• _Task_
Exact copies of all the entries are needed.

• _Information_
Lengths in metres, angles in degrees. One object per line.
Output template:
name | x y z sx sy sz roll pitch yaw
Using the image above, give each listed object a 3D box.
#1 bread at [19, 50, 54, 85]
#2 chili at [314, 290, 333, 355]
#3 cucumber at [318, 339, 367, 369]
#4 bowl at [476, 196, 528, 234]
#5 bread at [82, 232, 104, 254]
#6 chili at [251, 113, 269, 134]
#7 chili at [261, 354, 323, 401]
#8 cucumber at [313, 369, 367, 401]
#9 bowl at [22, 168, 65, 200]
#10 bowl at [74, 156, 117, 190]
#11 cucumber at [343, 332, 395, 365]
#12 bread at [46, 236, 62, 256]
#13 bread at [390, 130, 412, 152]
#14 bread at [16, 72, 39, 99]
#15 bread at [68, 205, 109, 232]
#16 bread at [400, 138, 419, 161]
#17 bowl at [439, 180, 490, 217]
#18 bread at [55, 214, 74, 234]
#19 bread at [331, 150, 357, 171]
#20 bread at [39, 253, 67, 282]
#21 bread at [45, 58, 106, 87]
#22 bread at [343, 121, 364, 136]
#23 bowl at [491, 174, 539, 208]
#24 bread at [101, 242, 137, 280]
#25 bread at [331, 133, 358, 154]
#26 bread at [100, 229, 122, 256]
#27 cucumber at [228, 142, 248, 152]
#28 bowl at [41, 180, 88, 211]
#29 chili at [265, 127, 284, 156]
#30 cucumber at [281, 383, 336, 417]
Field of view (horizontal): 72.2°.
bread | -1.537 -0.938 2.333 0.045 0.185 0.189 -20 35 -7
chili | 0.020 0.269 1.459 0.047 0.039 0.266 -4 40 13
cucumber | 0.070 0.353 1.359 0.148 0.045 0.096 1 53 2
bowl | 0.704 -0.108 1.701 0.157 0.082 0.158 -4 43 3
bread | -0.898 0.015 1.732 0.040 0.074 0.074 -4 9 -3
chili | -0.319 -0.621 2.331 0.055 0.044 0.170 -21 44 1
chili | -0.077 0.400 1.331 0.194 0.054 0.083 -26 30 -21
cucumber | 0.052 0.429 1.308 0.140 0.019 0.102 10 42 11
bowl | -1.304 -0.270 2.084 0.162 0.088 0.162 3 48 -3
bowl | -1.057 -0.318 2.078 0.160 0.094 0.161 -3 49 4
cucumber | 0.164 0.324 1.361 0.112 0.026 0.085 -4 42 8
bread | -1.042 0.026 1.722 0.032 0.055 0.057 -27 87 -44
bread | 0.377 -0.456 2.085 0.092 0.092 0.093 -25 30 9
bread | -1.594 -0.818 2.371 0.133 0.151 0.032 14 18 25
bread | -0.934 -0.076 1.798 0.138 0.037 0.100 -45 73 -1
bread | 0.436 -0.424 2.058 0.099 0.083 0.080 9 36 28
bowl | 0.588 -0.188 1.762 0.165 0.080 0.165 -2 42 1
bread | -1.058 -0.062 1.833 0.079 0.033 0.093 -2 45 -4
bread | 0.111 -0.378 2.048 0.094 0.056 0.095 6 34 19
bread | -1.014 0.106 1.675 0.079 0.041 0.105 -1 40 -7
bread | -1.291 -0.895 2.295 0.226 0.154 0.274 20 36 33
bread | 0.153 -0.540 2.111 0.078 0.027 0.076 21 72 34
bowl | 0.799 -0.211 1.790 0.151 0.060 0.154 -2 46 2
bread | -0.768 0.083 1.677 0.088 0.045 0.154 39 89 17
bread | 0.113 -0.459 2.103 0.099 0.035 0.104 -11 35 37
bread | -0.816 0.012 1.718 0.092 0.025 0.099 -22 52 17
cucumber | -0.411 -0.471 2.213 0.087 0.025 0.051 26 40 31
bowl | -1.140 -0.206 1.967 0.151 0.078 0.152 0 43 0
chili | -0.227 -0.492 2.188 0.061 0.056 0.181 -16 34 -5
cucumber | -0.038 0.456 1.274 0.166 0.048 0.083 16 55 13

• _Result of this exercise_
Lengths in metres, angles in degrees. One object per line.
Output template:
name | x y z sx sy sz roll pitch yaw
Using the image above, give each listed object a 3D box.
#1 bread at [19, 50, 54, 85]
#2 chili at [314, 290, 333, 355]
#3 cucumber at [318, 339, 367, 369]
#4 bowl at [476, 196, 528, 234]
#5 bread at [82, 232, 104, 254]
#6 chili at [251, 113, 269, 134]
#7 chili at [261, 354, 323, 401]
#8 cucumber at [313, 369, 367, 401]
#9 bowl at [22, 168, 65, 200]
#10 bowl at [74, 156, 117, 190]
#11 cucumber at [343, 332, 395, 365]
#12 bread at [46, 236, 62, 256]
#13 bread at [390, 130, 412, 152]
#14 bread at [16, 72, 39, 99]
#15 bread at [68, 205, 109, 232]
#16 bread at [400, 138, 419, 161]
#17 bowl at [439, 180, 490, 217]
#18 bread at [55, 214, 74, 234]
#19 bread at [331, 150, 357, 171]
#20 bread at [39, 253, 67, 282]
#21 bread at [45, 58, 106, 87]
#22 bread at [343, 121, 364, 136]
#23 bowl at [491, 174, 539, 208]
#24 bread at [101, 242, 137, 280]
#25 bread at [331, 133, 358, 154]
#26 bread at [100, 229, 122, 256]
#27 cucumber at [228, 142, 248, 152]
#28 bowl at [41, 180, 88, 211]
#29 chili at [265, 127, 284, 156]
#30 cucumber at [281, 383, 336, 417]
Field of view (horizontal): 72.2°.
bread | -1.537 -0.938 2.333 0.045 0.185 0.189 -20 35 -7
chili | 0.020 0.269 1.459 0.047 0.039 0.266 -4 40 13
cucumber | 0.070 0.353 1.359 0.148 0.045 0.096 1 53 2
bowl | 0.704 -0.108 1.701 0.157 0.082 0.158 -4 43 3
bread | -0.898 0.015 1.732 0.040 0.074 0.074 -4 9 -3
chili | -0.319 -0.621 2.331 0.055 0.044 0.170 -21 44 1
chili | -0.077 0.400 1.331 0.194 0.054 0.083 -26 30 -21
cucumber | 0.052 0.429 1.308 0.140 0.019 0.102 10 42 11
bowl | -1.304 -0.270 2.084 0.162 0.088 0.162 3 48 -3
bowl | -1.057 -0.318 2.078 0.160 0.094 0.161 -3 49 4
cucumber | 0.164 0.324 1.361 0.112 0.026 0.085 -4 42 8
bread | -1.042 0.026 1.722 0.032 0.055 0.057 -27 87 -44
bread | 0.377 -0.456 2.085 0.092 0.092 0.093 -25 30 9
bread | -1.594 -0.818 2.371 0.133 0.151 0.032 14 18 25
bread | -0.934 -0.076 1.798 0.138 0.037 0.100 -45 73 -1
bread | 0.436 -0.424 2.058 0.099 0.083 0.080 9 36 28
bowl | 0.588 -0.188 1.762 0.165 0.080 0.165 -2 42 1
bread | -1.058 -0.062 1.833 0.079 0.033 0.093 -2 45 -4
bread | 0.111 -0.378 2.048 0.094 0.056 0.095 6 34 19
bread | -1.014 0.106 1.675 0.079 0.041 0.105 -1 40 -7
bread | -1.291 -0.895 2.295 0.226 0.154 0.274 20 36 33
bread | 0.153 -0.540 2.111 0.078 0.027 0.076 21 72 34
bowl | 0.799 -0.211 1.790 0.151 0.060 0.154 -2 46 2
bread | -0.768 0.083 1.677 0.088 0.045 0.154 39 89 17
bread | 0.113 -0.459 2.103 0.099 0.035 0.104 -11 35 37
bread | -0.816 0.012 1.718 0.092 0.025 0.099 -22 52 17
cucumber | -0.411 -0.471 2.213 0.087 0.025 0.051 26 40 31
bowl | -1.140 -0.206 1.967 0.151 0.078 0.152 0 43 0
chili | -0.227 -0.492 2.188 0.061 0.056 0.181 -16 34 -5
cucumber | -0.038 0.456 1.274 0.166 0.048 0.083 16 55 13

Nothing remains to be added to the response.